L'abbée David me donna alors accès à toute sa documentation et je consacre donc une importante partie de mon temps à étudier la généalogie de ces familles Congo remontant jusqu’au premier arrivé à la Martinique.

Ce faisant j’entre alors dans la partie la plus secrète de cette communauté, puisque la connaissance du nom et du prénom, souvent secret, m’offre, dans la pensée magique la possibilité de lancer toutes sortes de sorts si j’étais animé de mauvaises intentions. En étudiant la parenté, je me suis rendu compte rapidement que si l’endogamie du groupe des Congo existe au début, très rapidement le groupe se fonde dans la société créole, bien plus rapidement que les immigrants indiens semble t’il. Je recopie inlassablement les patronymes de ces familles. Retenu par quelque pudeur sans doute, je n’ai jamais terminé et publié ce travail pourtant très intéressant sur ces généalogies familiales.

Qu'était cette immigration Congo ?

Mes informateurs m’indiquent que selon les traditions familiales des familles congo, nombreux avaient été ceux de leurs ancêtres qui s’étaient retrouvés esclaves sans savoir pourquoi et avaient été racheté pour émigrer. C’est avec une grande émotion que j’en retrouverai la trace dans les nombreuses archives à propos de l’immigration Congo. Car c cette immigration est une opération organisée par le Gouvernement Impérial français (du second empire ) sous le contrôle attentif des autres puissances comme l'Angleterre et pour laquelle on a produit de nombreux rapports.

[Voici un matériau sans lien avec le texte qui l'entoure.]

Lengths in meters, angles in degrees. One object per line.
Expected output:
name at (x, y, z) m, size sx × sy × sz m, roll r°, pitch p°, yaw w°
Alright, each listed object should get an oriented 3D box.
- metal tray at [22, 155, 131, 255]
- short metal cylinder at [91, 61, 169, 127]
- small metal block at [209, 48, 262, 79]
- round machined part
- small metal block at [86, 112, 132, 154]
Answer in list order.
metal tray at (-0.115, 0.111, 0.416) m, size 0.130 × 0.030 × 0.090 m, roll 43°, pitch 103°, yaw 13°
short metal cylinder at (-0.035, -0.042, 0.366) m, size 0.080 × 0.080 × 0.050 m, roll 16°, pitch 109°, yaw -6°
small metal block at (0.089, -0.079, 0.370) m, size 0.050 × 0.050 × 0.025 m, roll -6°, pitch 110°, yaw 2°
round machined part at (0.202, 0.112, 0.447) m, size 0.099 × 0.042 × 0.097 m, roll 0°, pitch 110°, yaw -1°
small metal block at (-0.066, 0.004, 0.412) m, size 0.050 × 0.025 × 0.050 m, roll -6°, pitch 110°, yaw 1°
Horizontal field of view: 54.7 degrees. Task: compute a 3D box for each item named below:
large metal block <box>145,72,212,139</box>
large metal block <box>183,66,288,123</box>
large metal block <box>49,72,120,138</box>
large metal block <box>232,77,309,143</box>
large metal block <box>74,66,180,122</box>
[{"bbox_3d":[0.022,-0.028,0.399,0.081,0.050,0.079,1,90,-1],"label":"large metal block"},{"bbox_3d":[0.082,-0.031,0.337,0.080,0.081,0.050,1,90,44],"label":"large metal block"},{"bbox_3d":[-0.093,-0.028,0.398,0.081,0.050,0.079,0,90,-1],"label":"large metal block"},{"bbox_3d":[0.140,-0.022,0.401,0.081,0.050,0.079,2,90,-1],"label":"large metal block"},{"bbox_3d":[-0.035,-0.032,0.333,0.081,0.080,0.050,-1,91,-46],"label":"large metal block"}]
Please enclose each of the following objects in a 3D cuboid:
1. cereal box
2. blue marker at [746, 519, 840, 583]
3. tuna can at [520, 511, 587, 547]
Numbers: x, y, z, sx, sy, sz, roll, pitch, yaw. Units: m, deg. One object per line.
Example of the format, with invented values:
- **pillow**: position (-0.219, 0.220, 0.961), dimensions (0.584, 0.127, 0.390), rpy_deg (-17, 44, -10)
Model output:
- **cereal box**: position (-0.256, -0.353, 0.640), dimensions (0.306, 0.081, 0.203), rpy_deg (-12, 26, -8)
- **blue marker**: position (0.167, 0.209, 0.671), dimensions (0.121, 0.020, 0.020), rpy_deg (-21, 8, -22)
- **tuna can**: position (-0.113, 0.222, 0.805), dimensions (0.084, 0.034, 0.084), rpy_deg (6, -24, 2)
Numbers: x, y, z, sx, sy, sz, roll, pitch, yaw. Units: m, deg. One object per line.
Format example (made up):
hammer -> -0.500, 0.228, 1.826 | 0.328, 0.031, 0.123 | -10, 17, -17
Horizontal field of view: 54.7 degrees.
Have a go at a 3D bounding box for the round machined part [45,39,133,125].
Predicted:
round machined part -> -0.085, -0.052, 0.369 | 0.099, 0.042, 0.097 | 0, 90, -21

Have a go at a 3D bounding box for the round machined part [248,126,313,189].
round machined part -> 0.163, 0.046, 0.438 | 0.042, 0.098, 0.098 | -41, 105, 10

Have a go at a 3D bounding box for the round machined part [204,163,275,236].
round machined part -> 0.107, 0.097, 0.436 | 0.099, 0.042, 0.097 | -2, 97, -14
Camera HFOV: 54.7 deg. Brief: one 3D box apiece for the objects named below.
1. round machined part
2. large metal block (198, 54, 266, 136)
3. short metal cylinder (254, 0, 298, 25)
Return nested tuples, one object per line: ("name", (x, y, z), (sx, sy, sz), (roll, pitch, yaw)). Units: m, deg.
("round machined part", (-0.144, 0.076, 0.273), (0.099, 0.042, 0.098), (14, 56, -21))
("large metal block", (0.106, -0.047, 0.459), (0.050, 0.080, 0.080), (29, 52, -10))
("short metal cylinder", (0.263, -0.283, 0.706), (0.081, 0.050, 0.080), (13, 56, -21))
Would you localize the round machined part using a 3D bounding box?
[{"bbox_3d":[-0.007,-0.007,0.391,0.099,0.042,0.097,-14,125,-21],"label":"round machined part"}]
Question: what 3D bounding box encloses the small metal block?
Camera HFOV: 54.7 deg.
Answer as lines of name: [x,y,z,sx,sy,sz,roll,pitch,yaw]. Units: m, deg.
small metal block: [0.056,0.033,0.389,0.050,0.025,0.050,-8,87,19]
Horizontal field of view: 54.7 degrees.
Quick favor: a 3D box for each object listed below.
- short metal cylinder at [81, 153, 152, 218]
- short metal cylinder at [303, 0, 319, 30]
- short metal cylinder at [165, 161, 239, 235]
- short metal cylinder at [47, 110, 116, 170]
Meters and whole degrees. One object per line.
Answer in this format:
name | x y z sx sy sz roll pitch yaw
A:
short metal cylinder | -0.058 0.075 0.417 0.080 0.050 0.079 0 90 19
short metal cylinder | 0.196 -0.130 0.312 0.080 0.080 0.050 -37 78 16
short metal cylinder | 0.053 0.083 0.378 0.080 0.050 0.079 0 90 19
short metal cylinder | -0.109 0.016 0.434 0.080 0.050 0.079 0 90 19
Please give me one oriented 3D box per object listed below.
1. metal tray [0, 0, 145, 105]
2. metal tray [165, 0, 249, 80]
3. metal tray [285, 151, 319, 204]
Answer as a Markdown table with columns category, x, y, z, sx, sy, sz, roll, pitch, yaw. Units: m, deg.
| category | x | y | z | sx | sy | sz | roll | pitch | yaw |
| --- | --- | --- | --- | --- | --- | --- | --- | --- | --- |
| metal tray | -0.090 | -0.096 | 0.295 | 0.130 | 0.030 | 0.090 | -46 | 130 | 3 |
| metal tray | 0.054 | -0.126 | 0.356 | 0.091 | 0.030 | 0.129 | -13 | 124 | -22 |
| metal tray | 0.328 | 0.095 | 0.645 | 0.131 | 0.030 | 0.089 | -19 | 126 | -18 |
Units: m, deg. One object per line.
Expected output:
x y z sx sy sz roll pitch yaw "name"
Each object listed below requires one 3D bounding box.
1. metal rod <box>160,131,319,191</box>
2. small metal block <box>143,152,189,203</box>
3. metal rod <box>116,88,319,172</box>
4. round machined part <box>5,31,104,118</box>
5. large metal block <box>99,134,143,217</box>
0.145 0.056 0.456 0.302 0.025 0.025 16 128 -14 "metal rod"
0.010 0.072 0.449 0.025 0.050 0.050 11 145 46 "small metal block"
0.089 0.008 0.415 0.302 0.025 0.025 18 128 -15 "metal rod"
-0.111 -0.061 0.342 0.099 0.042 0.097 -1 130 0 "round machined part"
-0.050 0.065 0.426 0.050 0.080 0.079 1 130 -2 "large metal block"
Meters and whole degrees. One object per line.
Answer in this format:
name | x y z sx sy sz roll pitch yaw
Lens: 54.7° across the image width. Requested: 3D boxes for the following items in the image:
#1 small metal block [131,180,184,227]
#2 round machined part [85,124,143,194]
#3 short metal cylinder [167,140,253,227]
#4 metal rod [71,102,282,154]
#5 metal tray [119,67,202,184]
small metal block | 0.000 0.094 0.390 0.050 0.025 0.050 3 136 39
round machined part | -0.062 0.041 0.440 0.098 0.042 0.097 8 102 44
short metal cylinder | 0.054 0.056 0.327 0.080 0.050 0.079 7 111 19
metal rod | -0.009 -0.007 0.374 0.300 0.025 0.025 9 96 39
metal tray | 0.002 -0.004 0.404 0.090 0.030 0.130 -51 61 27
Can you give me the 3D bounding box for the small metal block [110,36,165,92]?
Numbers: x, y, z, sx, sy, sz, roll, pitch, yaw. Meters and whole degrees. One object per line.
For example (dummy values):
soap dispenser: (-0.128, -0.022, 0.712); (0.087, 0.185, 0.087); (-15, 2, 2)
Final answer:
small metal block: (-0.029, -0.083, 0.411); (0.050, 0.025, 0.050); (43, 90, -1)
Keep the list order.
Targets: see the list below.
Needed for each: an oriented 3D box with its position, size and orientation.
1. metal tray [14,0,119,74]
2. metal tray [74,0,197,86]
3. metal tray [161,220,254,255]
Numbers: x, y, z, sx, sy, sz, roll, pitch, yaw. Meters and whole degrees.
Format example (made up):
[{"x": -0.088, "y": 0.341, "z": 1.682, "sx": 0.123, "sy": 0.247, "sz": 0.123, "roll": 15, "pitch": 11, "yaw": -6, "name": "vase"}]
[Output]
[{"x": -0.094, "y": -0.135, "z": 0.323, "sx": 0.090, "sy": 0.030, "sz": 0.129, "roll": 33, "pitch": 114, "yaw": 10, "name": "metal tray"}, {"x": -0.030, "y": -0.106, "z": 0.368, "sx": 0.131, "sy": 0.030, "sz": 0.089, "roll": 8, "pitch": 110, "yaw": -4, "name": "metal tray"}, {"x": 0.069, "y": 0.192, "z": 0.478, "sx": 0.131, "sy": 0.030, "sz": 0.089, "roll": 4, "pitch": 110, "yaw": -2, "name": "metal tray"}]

Le Gouvernement français avait tant fait pour justifier cette immigration et justifier cette reprise de ce qu’il faut bien appeler la traite, que l’on possède sur celle-ci de volumineux rapports aux archives de la France d’Outre Mer. Elles vont me permettre, quand je les consulterai en 1973-74, de vérifier ce que m’avaient dit mes informateurs : leurs ancêtres s'étaient bien retrouvés esclaves sans savoir pourquoi. On possède un document attestant sans conteste cela c'est le rapport de l’Enseigne de Vaisseau Gillet délégué du gouvernement à Loango (Source Archive Sénégal XIV D28).